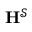Convert formula to latex. <formula><loc_0><loc_0><loc_500><loc_500>H ^ { \mathcal { S } }</formula> 
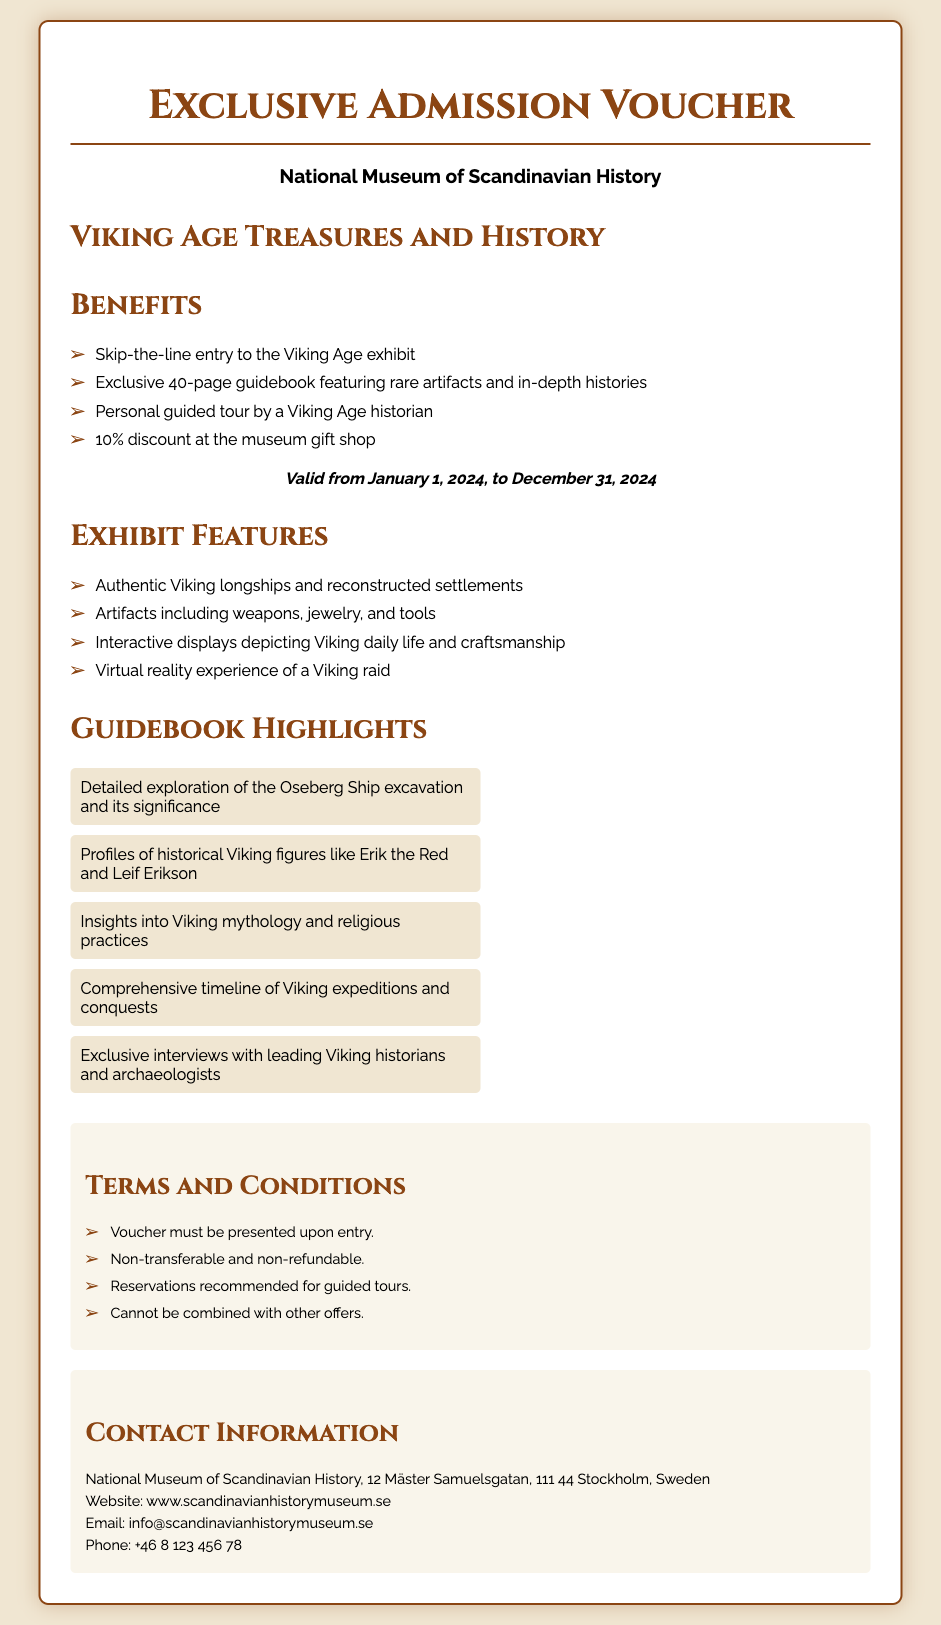What is the name of the museum? The museum's name is explicitly mentioned at the top of the voucher as the National Museum of Scandinavian History.
Answer: National Museum of Scandinavian History What is the validity period of the voucher? The validity period is clearly stated in the document, which indicates it is from January 1, 2024, to December 31, 2024.
Answer: January 1, 2024, to December 31, 2024 How many pages is the exclusive guidebook? The document specifies that the guidebook is exclusive and contains 40 pages.
Answer: 40 pages What discount does the voucher provide at the gift shop? The voucher highlights a specific discount rate at the museum gift shop, which is 10%.
Answer: 10% What is one feature of the Viking Age exhibit? The document lists various features of the exhibit, one of which is authentic Viking longships and reconstructed settlements.
Answer: Authentic Viking longships and reconstructed settlements Which historical figures are profiled in the guidebook? The guidebook includes profiles of significant historical Viking figures such as Erik the Red and Leif Erikson.
Answer: Erik the Red and Leif Erikson What are the terms of voucher transferability? The terms explicitly state that the voucher is non-transferable and non-refundable.
Answer: Non-transferable and non-refundable What is the email address for the museum? The email contact for the museum is provided in the document, which is info@scandinavianhistorymuseum.se.
Answer: info@scandinavianhistorymuseum.se What recommendation is made regarding guided tours? The terms section advises that reservations are recommended for guided tours.
Answer: Reservations recommended 
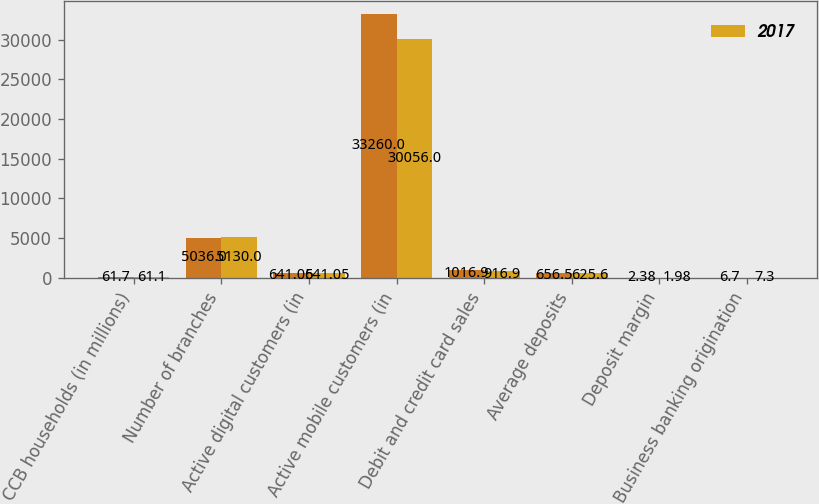Convert chart to OTSL. <chart><loc_0><loc_0><loc_500><loc_500><stacked_bar_chart><ecel><fcel>CCB households (in millions)<fcel>Number of branches<fcel>Active digital customers (in<fcel>Active mobile customers (in<fcel>Debit and credit card sales<fcel>Average deposits<fcel>Deposit margin<fcel>Business banking origination<nl><fcel>nan<fcel>61.7<fcel>5036<fcel>641.05<fcel>33260<fcel>1016.9<fcel>656.5<fcel>2.38<fcel>6.7<nl><fcel>2017<fcel>61.1<fcel>5130<fcel>641.05<fcel>30056<fcel>916.9<fcel>625.6<fcel>1.98<fcel>7.3<nl></chart> 
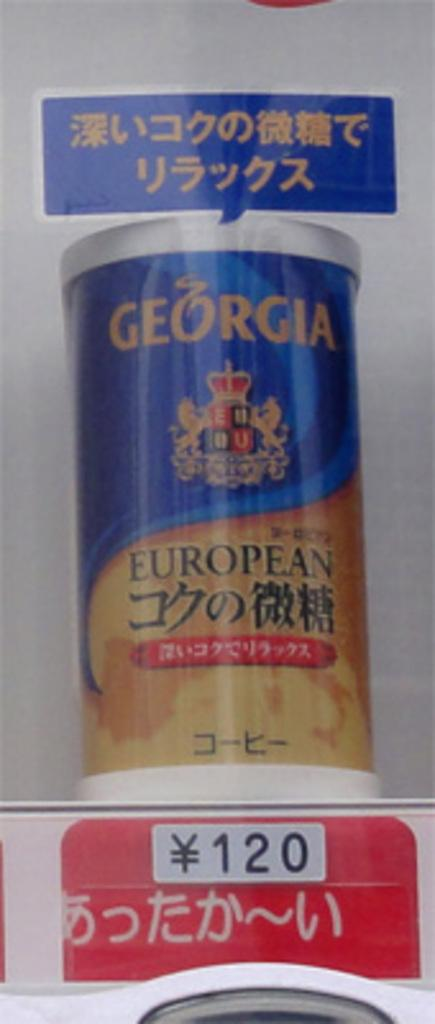<image>
Render a clear and concise summary of the photo. A Georgia product that can be purchased for a cost of 120 of the local currency. 
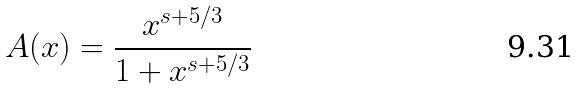<formula> <loc_0><loc_0><loc_500><loc_500>A ( x ) = \frac { { x ^ { s + 5 / 3 } } } { 1 + x ^ { s + 5 / 3 } }</formula> 
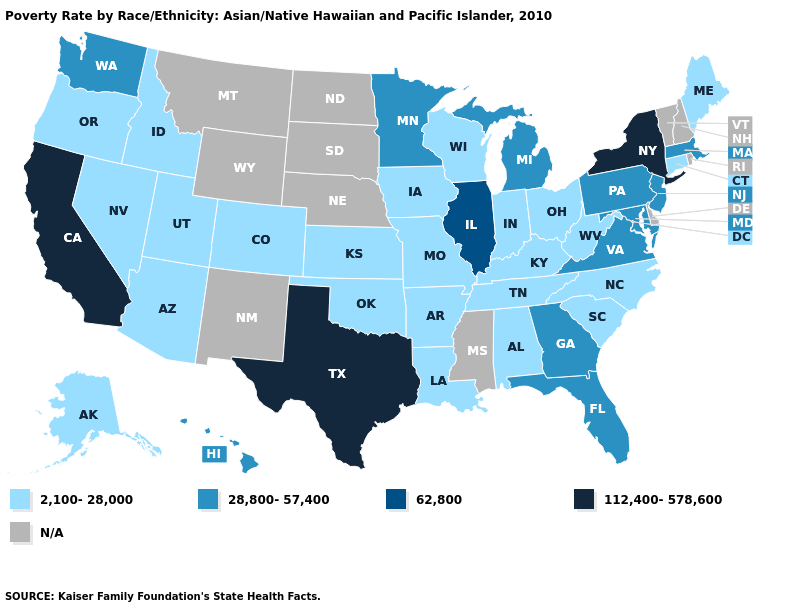Does Illinois have the highest value in the MidWest?
Answer briefly. Yes. Name the states that have a value in the range 28,800-57,400?
Write a very short answer. Florida, Georgia, Hawaii, Maryland, Massachusetts, Michigan, Minnesota, New Jersey, Pennsylvania, Virginia, Washington. Which states have the highest value in the USA?
Keep it brief. California, New York, Texas. Does the map have missing data?
Keep it brief. Yes. Name the states that have a value in the range 2,100-28,000?
Short answer required. Alabama, Alaska, Arizona, Arkansas, Colorado, Connecticut, Idaho, Indiana, Iowa, Kansas, Kentucky, Louisiana, Maine, Missouri, Nevada, North Carolina, Ohio, Oklahoma, Oregon, South Carolina, Tennessee, Utah, West Virginia, Wisconsin. Which states hav the highest value in the West?
Be succinct. California. What is the value of Michigan?
Answer briefly. 28,800-57,400. Name the states that have a value in the range N/A?
Keep it brief. Delaware, Mississippi, Montana, Nebraska, New Hampshire, New Mexico, North Dakota, Rhode Island, South Dakota, Vermont, Wyoming. Name the states that have a value in the range N/A?
Quick response, please. Delaware, Mississippi, Montana, Nebraska, New Hampshire, New Mexico, North Dakota, Rhode Island, South Dakota, Vermont, Wyoming. What is the value of California?
Answer briefly. 112,400-578,600. Among the states that border South Carolina , does Georgia have the highest value?
Concise answer only. Yes. How many symbols are there in the legend?
Give a very brief answer. 5. Does Connecticut have the lowest value in the USA?
Quick response, please. Yes. What is the value of Montana?
Concise answer only. N/A. What is the value of Connecticut?
Concise answer only. 2,100-28,000. 
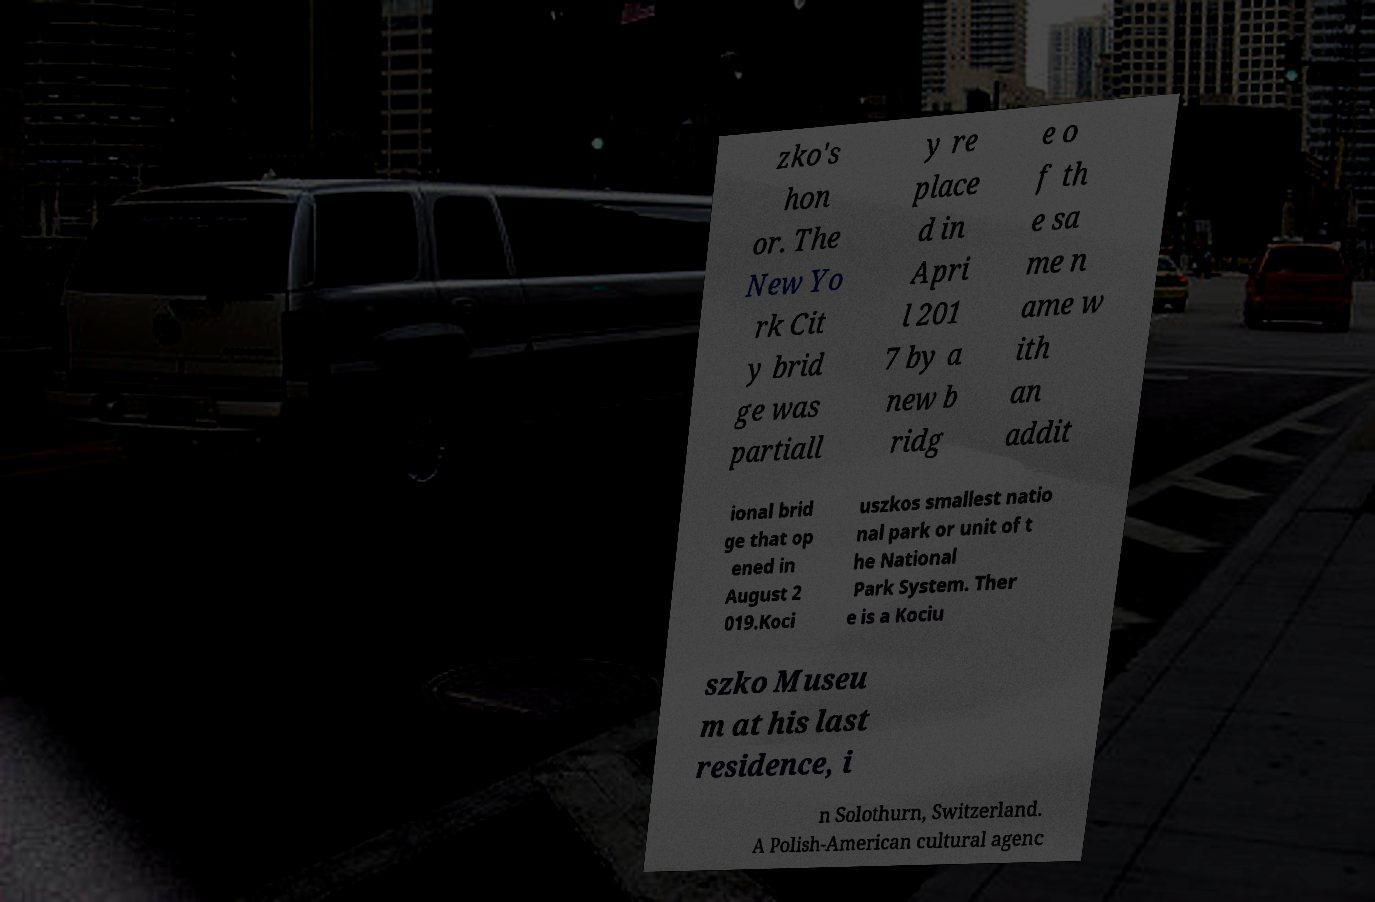What messages or text are displayed in this image? I need them in a readable, typed format. zko's hon or. The New Yo rk Cit y brid ge was partiall y re place d in Apri l 201 7 by a new b ridg e o f th e sa me n ame w ith an addit ional brid ge that op ened in August 2 019.Koci uszkos smallest natio nal park or unit of t he National Park System. Ther e is a Kociu szko Museu m at his last residence, i n Solothurn, Switzerland. A Polish-American cultural agenc 
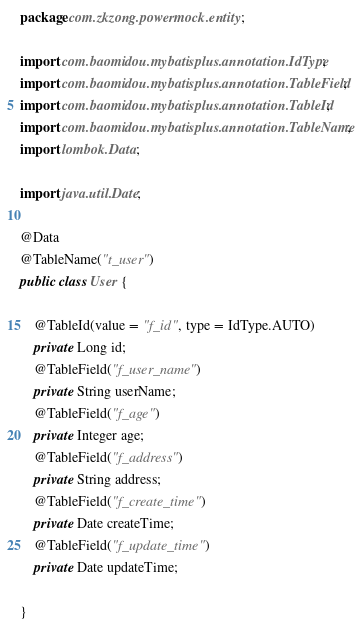<code> <loc_0><loc_0><loc_500><loc_500><_Java_>package com.zkzong.powermock.entity;

import com.baomidou.mybatisplus.annotation.IdType;
import com.baomidou.mybatisplus.annotation.TableField;
import com.baomidou.mybatisplus.annotation.TableId;
import com.baomidou.mybatisplus.annotation.TableName;
import lombok.Data;

import java.util.Date;

@Data
@TableName("t_user")
public class User {

    @TableId(value = "f_id", type = IdType.AUTO)
    private Long id;
    @TableField("f_user_name")
    private String userName;
    @TableField("f_age")
    private Integer age;
    @TableField("f_address")
    private String address;
    @TableField("f_create_time")
    private Date createTime;
    @TableField("f_update_time")
    private Date updateTime;

}
</code> 
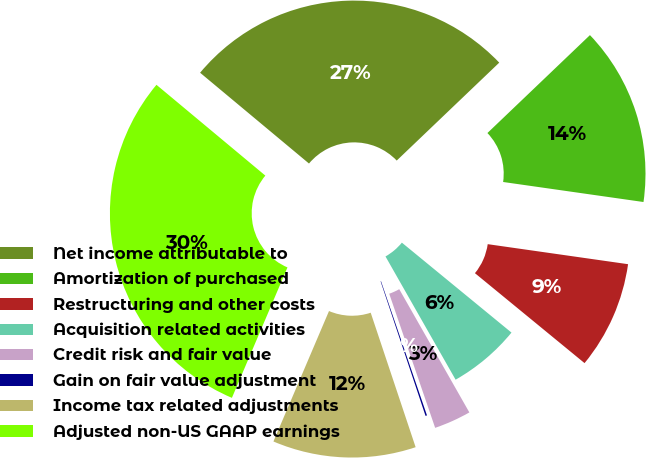Convert chart to OTSL. <chart><loc_0><loc_0><loc_500><loc_500><pie_chart><fcel>Net income attributable to<fcel>Amortization of purchased<fcel>Restructuring and other costs<fcel>Acquisition related activities<fcel>Credit risk and fair value<fcel>Gain on fair value adjustment<fcel>Income tax related adjustments<fcel>Adjusted non-US GAAP earnings<nl><fcel>26.8%<fcel>14.39%<fcel>8.68%<fcel>5.83%<fcel>2.98%<fcel>0.12%<fcel>11.54%<fcel>29.65%<nl></chart> 
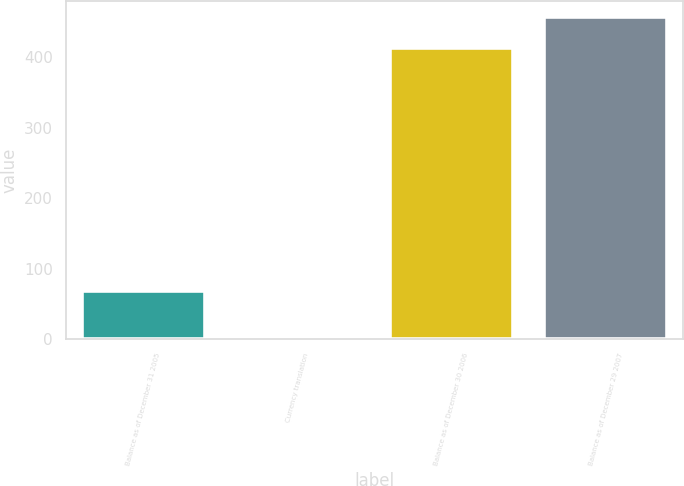Convert chart to OTSL. <chart><loc_0><loc_0><loc_500><loc_500><bar_chart><fcel>Balance as of December 31 2005<fcel>Currency translation<fcel>Balance as of December 30 2006<fcel>Balance as of December 29 2007<nl><fcel>69.1<fcel>0.2<fcel>413.5<fcel>456.76<nl></chart>
++++
Every record above must reappear exactly in the answer, minus its pictures.

Convert formula to latex. <formula><loc_0><loc_0><loc_500><loc_500>H ^ { \mathcal { S } }</formula> 
What is the name of the museum? The museum's name is explicitly mentioned at the top of the voucher as the National Museum of Scandinavian History.
Answer: National Museum of Scandinavian History What is the validity period of the voucher? The validity period is clearly stated in the document, which indicates it is from January 1, 2024, to December 31, 2024.
Answer: January 1, 2024, to December 31, 2024 How many pages is the exclusive guidebook? The document specifies that the guidebook is exclusive and contains 40 pages.
Answer: 40 pages What discount does the voucher provide at the gift shop? The voucher highlights a specific discount rate at the museum gift shop, which is 10%.
Answer: 10% What is one feature of the Viking Age exhibit? The document lists various features of the exhibit, one of which is authentic Viking longships and reconstructed settlements.
Answer: Authentic Viking longships and reconstructed settlements Which historical figures are profiled in the guidebook? The guidebook includes profiles of significant historical Viking figures such as Erik the Red and Leif Erikson.
Answer: Erik the Red and Leif Erikson What are the terms of voucher transferability? The terms explicitly state that the voucher is non-transferable and non-refundable.
Answer: Non-transferable and non-refundable What is the email address for the museum? The email contact for the museum is provided in the document, which is info@scandinavianhistorymuseum.se.
Answer: info@scandinavianhistorymuseum.se What recommendation is made regarding guided tours? The terms section advises that reservations are recommended for guided tours.
Answer: Reservations recommended 
Convert chart to OTSL. <chart><loc_0><loc_0><loc_500><loc_500><stacked_bar_chart><ecel><fcel>CCB households (in millions)<fcel>Number of branches<fcel>Active digital customers (in<fcel>Active mobile customers (in<fcel>Debit and credit card sales<fcel>Average deposits<fcel>Deposit margin<fcel>Business banking origination<nl><fcel>nan<fcel>61.7<fcel>5036<fcel>641.05<fcel>33260<fcel>1016.9<fcel>656.5<fcel>2.38<fcel>6.7<nl><fcel>2017<fcel>61.1<fcel>5130<fcel>641.05<fcel>30056<fcel>916.9<fcel>625.6<fcel>1.98<fcel>7.3<nl></chart> 
<image>
Render a clear and concise summary of the photo. A Georgia product that can be purchased for a cost of 120 of the local currency. 
<formula> <loc_0><loc_0><loc_500><loc_500>A ( x ) = \frac { { x ^ { s + 5 / 3 } } } { 1 + x ^ { s + 5 / 3 } }</formula> 
Does Illinois have the highest value in the MidWest?
Answer briefly. Yes. Name the states that have a value in the range 28,800-57,400?
Write a very short answer. Florida, Georgia, Hawaii, Maryland, Massachusetts, Michigan, Minnesota, New Jersey, Pennsylvania, Virginia, Washington. Which states have the highest value in the USA?
Keep it brief. California, New York, Texas. Does the map have missing data?
Keep it brief. Yes. Name the states that have a value in the range 2,100-28,000?
Short answer required. Alabama, Alaska, Arizona, Arkansas, Colorado, Connecticut, Idaho, Indiana, Iowa, Kansas, Kentucky, Louisiana, Maine, Missouri, Nevada, North Carolina, Ohio, Oklahoma, Oregon, South Carolina, Tennessee, Utah, West Virginia, Wisconsin. Which states hav the highest value in the West?
Be succinct. California. What is the value of Michigan?
Answer briefly. 28,800-57,400. Name the states that have a value in the range N/A?
Keep it brief. Delaware, Mississippi, Montana, Nebraska, New Hampshire, New Mexico, North Dakota, Rhode Island, South Dakota, Vermont, Wyoming. Name the states that have a value in the range N/A?
Quick response, please. Delaware, Mississippi, Montana, Nebraska, New Hampshire, New Mexico, North Dakota, Rhode Island, South Dakota, Vermont, Wyoming. What is the value of California?
Answer briefly. 112,400-578,600. Among the states that border South Carolina , does Georgia have the highest value?
Concise answer only. Yes. How many symbols are there in the legend?
Give a very brief answer. 5. Does Connecticut have the lowest value in the USA?
Quick response, please. Yes. What is the value of Montana?
Concise answer only. N/A. What is the value of Connecticut?
Concise answer only. 2,100-28,000. 
What messages or text are displayed in this image? I need them in a readable, typed format. zko's hon or. The New Yo rk Cit y brid ge was partiall y re place d in Apri l 201 7 by a new b ridg e o f th e sa me n ame w ith an addit ional brid ge that op ened in August 2 019.Koci uszkos smallest natio nal park or unit of t he National Park System. Ther e is a Kociu szko Museu m at his last residence, i n Solothurn, Switzerland. A Polish-American cultural agenc 
<code> <loc_0><loc_0><loc_500><loc_500><_Java_>package com.zkzong.powermock.entity;

import com.baomidou.mybatisplus.annotation.IdType;
import com.baomidou.mybatisplus.annotation.TableField;
import com.baomidou.mybatisplus.annotation.TableId;
import com.baomidou.mybatisplus.annotation.TableName;
import lombok.Data;

import java.util.Date;

@Data
@TableName("t_user")
public class User {

    @TableId(value = "f_id", type = IdType.AUTO)
    private Long id;
    @TableField("f_user_name")
    private String userName;
    @TableField("f_age")
    private Integer age;
    @TableField("f_address")
    private String address;
    @TableField("f_create_time")
    private Date createTime;
    @TableField("f_update_time")
    private Date updateTime;

}
</code> 
Convert chart to OTSL. <chart><loc_0><loc_0><loc_500><loc_500><pie_chart><fcel>Net income attributable to<fcel>Amortization of purchased<fcel>Restructuring and other costs<fcel>Acquisition related activities<fcel>Credit risk and fair value<fcel>Gain on fair value adjustment<fcel>Income tax related adjustments<fcel>Adjusted non-US GAAP earnings<nl><fcel>26.8%<fcel>14.39%<fcel>8.68%<fcel>5.83%<fcel>2.98%<fcel>0.12%<fcel>11.54%<fcel>29.65%<nl></chart> 
Convert chart to OTSL. <chart><loc_0><loc_0><loc_500><loc_500><bar_chart><fcel>Balance as of December 31 2005<fcel>Currency translation<fcel>Balance as of December 30 2006<fcel>Balance as of December 29 2007<nl><fcel>69.1<fcel>0.2<fcel>413.5<fcel>456.76<nl></chart>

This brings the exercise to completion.